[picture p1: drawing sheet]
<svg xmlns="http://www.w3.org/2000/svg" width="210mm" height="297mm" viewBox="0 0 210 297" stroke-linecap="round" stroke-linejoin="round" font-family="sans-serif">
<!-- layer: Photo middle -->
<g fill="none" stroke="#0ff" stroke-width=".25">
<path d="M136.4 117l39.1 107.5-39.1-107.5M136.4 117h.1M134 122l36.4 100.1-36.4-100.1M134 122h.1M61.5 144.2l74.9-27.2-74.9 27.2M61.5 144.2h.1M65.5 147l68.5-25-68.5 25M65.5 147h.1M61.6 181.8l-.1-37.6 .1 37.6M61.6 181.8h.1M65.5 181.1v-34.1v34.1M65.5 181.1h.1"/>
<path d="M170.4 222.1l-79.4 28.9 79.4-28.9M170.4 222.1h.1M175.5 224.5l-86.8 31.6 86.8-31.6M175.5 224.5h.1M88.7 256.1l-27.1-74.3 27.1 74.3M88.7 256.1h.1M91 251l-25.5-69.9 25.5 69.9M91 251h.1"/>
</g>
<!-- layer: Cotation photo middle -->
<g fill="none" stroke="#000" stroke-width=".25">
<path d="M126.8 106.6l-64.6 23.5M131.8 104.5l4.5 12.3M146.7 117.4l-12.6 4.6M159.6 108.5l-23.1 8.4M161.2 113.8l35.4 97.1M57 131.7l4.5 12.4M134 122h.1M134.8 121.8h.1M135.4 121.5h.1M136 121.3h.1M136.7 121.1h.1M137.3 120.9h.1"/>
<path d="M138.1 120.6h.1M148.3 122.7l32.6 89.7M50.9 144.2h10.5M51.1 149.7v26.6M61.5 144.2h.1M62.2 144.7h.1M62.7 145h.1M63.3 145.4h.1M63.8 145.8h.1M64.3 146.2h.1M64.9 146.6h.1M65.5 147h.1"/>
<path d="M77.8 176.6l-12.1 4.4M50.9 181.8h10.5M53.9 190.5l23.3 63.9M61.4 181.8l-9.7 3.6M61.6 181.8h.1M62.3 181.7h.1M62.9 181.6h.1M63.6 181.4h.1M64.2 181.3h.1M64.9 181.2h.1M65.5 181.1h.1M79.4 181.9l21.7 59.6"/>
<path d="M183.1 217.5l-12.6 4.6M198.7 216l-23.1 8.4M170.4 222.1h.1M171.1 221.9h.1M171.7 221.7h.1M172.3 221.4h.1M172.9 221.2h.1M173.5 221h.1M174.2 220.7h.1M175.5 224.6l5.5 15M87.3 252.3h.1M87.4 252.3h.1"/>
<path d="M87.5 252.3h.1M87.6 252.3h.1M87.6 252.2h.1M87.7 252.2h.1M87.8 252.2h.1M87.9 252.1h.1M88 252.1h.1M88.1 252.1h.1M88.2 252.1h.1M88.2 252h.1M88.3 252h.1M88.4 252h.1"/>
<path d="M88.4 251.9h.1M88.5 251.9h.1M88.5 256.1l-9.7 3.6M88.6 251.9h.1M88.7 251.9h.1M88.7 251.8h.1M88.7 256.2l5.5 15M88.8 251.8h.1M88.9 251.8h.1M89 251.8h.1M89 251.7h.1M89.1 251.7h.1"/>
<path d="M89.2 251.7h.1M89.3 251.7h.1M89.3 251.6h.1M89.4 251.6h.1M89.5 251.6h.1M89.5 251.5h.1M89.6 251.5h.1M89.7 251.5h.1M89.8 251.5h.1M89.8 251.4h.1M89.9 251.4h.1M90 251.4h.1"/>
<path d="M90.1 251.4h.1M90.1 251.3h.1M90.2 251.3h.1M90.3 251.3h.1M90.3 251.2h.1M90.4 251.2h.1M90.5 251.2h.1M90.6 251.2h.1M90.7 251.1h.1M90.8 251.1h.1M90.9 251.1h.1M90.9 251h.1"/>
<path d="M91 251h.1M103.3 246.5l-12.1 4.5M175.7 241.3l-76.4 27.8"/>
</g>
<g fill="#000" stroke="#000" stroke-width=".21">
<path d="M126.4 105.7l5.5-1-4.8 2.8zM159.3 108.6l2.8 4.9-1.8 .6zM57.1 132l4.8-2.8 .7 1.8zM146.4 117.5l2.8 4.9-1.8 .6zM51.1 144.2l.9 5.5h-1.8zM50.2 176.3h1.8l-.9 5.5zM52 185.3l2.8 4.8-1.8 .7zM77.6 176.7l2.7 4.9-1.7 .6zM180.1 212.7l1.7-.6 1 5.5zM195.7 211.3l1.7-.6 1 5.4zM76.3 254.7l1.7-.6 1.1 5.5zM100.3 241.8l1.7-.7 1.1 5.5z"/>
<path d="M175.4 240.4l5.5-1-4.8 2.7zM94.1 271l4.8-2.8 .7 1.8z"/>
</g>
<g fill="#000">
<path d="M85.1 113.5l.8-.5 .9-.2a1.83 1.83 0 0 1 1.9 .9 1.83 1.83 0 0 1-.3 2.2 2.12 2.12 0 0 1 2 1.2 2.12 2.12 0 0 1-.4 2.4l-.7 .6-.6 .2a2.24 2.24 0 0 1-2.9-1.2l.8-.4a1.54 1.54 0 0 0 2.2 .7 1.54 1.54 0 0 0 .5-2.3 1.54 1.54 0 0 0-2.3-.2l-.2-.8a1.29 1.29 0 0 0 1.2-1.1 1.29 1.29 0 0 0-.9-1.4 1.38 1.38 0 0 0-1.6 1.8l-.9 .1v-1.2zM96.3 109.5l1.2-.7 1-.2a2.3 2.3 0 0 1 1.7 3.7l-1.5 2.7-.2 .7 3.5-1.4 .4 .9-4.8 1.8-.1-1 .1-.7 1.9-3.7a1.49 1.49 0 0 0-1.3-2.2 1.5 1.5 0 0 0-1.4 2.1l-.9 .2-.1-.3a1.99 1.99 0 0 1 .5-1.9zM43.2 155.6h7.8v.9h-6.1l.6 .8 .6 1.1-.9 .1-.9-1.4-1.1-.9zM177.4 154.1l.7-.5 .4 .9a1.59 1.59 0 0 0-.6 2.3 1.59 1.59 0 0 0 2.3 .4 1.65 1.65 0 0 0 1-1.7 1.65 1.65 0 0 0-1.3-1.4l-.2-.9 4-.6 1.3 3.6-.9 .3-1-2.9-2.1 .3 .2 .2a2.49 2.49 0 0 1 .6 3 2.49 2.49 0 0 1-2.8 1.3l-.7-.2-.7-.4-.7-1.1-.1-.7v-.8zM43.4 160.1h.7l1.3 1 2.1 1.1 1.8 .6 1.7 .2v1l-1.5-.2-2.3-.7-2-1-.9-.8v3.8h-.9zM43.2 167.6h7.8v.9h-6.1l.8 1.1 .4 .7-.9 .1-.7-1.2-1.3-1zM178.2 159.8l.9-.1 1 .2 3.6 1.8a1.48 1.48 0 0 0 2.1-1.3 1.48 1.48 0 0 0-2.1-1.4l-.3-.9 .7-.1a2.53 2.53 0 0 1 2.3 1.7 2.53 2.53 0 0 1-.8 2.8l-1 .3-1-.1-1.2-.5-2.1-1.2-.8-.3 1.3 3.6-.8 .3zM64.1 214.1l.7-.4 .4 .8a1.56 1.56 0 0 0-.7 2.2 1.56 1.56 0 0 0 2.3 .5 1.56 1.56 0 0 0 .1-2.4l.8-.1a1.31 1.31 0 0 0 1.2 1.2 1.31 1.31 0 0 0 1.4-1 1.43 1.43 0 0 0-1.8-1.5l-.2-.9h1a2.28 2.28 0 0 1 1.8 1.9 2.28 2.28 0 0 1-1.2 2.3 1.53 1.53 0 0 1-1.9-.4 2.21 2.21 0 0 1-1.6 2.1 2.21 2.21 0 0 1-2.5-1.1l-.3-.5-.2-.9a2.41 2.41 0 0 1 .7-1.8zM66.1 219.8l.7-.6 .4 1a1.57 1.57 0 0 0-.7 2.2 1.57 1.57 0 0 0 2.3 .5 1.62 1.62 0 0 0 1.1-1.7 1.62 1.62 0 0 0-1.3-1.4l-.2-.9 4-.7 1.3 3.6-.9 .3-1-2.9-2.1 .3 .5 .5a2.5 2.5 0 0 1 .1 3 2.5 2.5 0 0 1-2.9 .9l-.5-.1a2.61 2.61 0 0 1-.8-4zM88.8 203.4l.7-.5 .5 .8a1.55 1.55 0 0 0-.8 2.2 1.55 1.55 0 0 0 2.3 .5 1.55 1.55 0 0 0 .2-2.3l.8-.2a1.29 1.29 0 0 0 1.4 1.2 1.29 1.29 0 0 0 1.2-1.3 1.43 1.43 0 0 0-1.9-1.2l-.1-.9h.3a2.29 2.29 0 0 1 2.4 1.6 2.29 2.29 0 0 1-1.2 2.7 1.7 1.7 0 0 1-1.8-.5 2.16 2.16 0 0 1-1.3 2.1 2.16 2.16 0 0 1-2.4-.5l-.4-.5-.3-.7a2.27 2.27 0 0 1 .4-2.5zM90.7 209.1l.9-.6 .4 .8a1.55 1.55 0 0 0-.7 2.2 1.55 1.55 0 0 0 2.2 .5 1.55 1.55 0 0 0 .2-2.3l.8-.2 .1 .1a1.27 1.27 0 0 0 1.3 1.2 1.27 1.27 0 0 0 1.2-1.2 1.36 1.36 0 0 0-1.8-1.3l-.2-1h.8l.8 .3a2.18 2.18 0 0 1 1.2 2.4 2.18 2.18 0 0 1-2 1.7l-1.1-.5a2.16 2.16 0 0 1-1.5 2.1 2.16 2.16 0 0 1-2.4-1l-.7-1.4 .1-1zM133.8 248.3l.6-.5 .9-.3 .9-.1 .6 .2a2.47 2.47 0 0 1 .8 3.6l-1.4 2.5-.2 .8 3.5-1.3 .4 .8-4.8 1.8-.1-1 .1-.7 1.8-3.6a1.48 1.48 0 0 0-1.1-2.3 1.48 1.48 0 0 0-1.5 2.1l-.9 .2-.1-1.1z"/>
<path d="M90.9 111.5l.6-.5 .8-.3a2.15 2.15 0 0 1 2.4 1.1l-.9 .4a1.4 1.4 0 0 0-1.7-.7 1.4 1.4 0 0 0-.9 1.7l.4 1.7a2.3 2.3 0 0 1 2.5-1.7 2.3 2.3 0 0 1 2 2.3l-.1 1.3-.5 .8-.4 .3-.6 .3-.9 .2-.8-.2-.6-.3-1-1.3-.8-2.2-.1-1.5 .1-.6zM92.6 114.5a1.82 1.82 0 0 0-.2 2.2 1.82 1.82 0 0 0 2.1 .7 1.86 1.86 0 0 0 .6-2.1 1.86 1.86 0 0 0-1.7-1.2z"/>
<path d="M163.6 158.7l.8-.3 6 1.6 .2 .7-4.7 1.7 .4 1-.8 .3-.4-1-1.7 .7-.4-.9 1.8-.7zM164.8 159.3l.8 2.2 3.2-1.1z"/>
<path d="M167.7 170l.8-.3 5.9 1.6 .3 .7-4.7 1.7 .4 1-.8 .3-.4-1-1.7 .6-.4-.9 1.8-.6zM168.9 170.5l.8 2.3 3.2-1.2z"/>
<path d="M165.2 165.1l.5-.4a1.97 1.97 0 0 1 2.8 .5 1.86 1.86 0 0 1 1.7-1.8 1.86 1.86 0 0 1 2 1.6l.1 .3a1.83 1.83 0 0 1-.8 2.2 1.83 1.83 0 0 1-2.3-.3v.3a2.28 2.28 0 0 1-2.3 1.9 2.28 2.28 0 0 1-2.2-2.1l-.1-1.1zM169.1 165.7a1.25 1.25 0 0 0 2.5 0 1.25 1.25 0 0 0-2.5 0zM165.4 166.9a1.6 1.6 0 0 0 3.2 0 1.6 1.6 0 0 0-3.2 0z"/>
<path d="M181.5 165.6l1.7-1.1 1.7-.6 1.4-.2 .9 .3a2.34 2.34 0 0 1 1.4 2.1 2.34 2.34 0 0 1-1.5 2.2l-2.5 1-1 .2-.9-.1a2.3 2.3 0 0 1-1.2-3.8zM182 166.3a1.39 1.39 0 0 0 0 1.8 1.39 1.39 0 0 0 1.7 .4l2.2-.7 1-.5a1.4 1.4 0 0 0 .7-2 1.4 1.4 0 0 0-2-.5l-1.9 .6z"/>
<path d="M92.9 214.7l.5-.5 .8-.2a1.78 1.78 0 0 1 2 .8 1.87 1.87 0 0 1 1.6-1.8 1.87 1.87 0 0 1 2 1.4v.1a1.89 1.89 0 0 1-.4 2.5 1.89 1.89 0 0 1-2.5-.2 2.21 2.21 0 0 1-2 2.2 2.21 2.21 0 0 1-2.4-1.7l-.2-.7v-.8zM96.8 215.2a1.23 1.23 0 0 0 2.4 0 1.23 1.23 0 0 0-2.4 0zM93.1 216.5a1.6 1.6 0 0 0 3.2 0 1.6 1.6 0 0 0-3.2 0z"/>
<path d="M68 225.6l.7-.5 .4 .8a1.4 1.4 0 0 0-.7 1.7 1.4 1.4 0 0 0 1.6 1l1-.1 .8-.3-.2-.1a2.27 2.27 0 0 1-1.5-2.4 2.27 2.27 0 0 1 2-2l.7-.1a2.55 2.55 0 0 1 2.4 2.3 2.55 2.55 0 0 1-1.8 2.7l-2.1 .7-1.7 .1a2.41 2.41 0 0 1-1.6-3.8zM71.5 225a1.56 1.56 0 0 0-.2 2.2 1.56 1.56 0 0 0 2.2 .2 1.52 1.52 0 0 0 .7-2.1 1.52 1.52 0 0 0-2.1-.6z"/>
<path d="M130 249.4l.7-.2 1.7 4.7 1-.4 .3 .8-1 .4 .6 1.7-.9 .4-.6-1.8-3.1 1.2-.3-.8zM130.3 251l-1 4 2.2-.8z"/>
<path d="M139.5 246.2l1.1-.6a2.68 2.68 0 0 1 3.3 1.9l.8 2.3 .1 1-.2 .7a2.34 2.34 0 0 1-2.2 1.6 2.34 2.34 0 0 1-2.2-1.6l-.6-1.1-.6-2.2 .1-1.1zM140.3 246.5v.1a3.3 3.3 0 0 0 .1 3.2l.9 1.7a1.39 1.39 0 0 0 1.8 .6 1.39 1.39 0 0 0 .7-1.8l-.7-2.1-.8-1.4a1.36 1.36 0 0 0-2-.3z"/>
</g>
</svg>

________________

The stretch of entries above that starts with the line containing "120.6h.1M148.3 122.7l32.6 89.7M50.9" and goes on through the line containing "252.3h.1M87.6 252.3h.1M87.6 252.2h.1M87.7" is to be transcribed exactly, and no other line is to be transcribed.

<path d="M138.1 120.6h.1M148.3 122.7l32.6 89.7M50.9 144.2h10.5M51.1 149.7v26.6M61.5 144.2h.1M62.2 144.7h.1M62.7 145h.1M63.3 145.4h.1M63.8 145.8h.1M64.3 146.2h.1M64.9 146.6h.1M65.5 147h.1"/>
<path d="M77.8 176.6l-12.1 4.4M50.9 181.8h10.5M53.9 190.5l23.3 63.9M61.4 181.8l-9.7 3.6M61.6 181.8h.1M62.3 181.7h.1M62.9 181.6h.1M63.6 181.4h.1M64.2 181.3h.1M64.9 181.2h.1M65.5 181.1h.1M79.4 181.9l21.7 59.6"/>
<path d="M183.1 217.5l-12.6 4.6M198.7 216l-23.1 8.4M170.4 222.1h.1M171.1 221.9h.1M171.7 221.7h.1M172.3 221.4h.1M172.9 221.2h.1M173.5 221h.1M174.2 220.7h.1M175.5 224.6l5.5 15M87.3 252.3h.1M87.4 252.3h.1"/>
<path d="M87.5 252.3h.1M87.6 252.3h.1M87.6 252.2h.1M87.7 252.2h.1M87.8 252.2h.1M87.9 252.1h.1M88 252.1h.1M88.1 252.1h.1M88.2 252.1h.1M88.2 252h.1M88.3 252h.1M88.4 252h.1"/>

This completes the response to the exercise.